Lid 3 geeft aan wat er tenminste (in de vorm van een schriftelijke overeenkomst) geregeld moet worden tussen gemeente en werkgever.
Met de no-riskpolis zijn werkgevers die iemand uit de doelgroep aannemen gevrijwaard van de verplichting om loon door te betalen bij ziekte. De ervaring leert dat werkgevers hechten aan een no-riskpolis bij het in dienst nemen van werknemers uit deze doelgroep. Het succes van de no-risk polis schuilt er ook in dat deze snel na de ziekmelding wordt verwerkt. UWV voert de no-riskpolis namens de gemeenten uit.
Het college vordert onverschuldigd betaalde subsidiebedragen terug op grond van artikel 4:57 Awb. Dit artikel uit de Algemene wet bestuursrecht behelst een “kan” bepaling waardoor het noodzakelijk is in deze beleidsregels vast te leggen dat het college van de bevoegdheid tot terugvordering gebruik maakt.
Het instrument loonkostensubsidie kan, zo nodig, onbeperkt worden ingezet. Voor diegenen met een blijvende loonwaarde die lager is dan het wettelijk minimum loon, is loonkostensubsidie een structureel instrument gericht op duurzame arbeidsparticipatie.

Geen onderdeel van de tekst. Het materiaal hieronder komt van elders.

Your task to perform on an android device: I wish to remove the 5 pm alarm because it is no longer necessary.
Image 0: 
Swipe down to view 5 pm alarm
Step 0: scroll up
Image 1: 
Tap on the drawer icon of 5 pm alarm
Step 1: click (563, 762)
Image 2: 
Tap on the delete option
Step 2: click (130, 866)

Het college stelt jaarlijks vast of een persoon die werkt in een dienstbetrekking met
loonkostensubsidie nog tot de doelgroep loonkostensubsidie behoort. Verder stelt het college jaarlijks vast wat de hoogte van de loonwaarde en de loonkostensubsidie is. Zo wordt de ontwikkeling van (de loonwaarde van) de medewerker gemonitord. In het ideale geval groeit een werknemer immers door totdat hij het WML kan verdienen.

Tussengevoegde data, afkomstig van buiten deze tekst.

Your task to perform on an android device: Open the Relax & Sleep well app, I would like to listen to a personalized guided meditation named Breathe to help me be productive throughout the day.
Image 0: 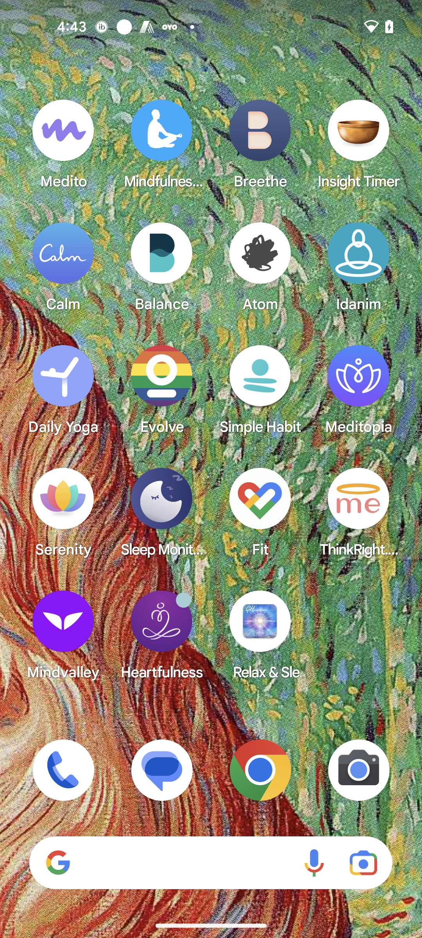
Open the Relax & Sleep well app
Step 0: open app "Relax & Sleep Well: Hypnosis and Meditation"
Image 2: 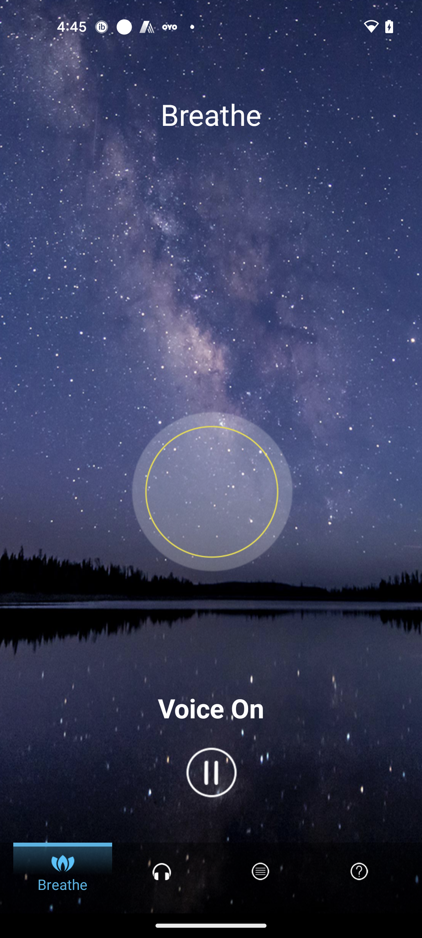
Click on the Lotus icon tab at the bottom left corner of the screen
Step 2: wait

Indien de loonkostensubsidie wordt toegepast bij iemand, die gebruik maakt van de voorziening Beschut Werk( voor zover uiteraard voor de inzet daarvan wordt gekozen), kan de loonwaarde en loonkostensubsidie eenmaal per drie jaar worden vastgesteld.
Als bij herindicatie blijkt dat een persoon niet langer tot de doelgroep loonkostensubsidie behoort, wordt de beschikking loonkostensubsidie ingetrokken. Als bij herindicatie blijkt dat de loonwaarde van de persoon behorende tot de doelgroep loonkostensubsidie is gewijzigd, wordt de hoogte van de loonkostensubsidie aangepast.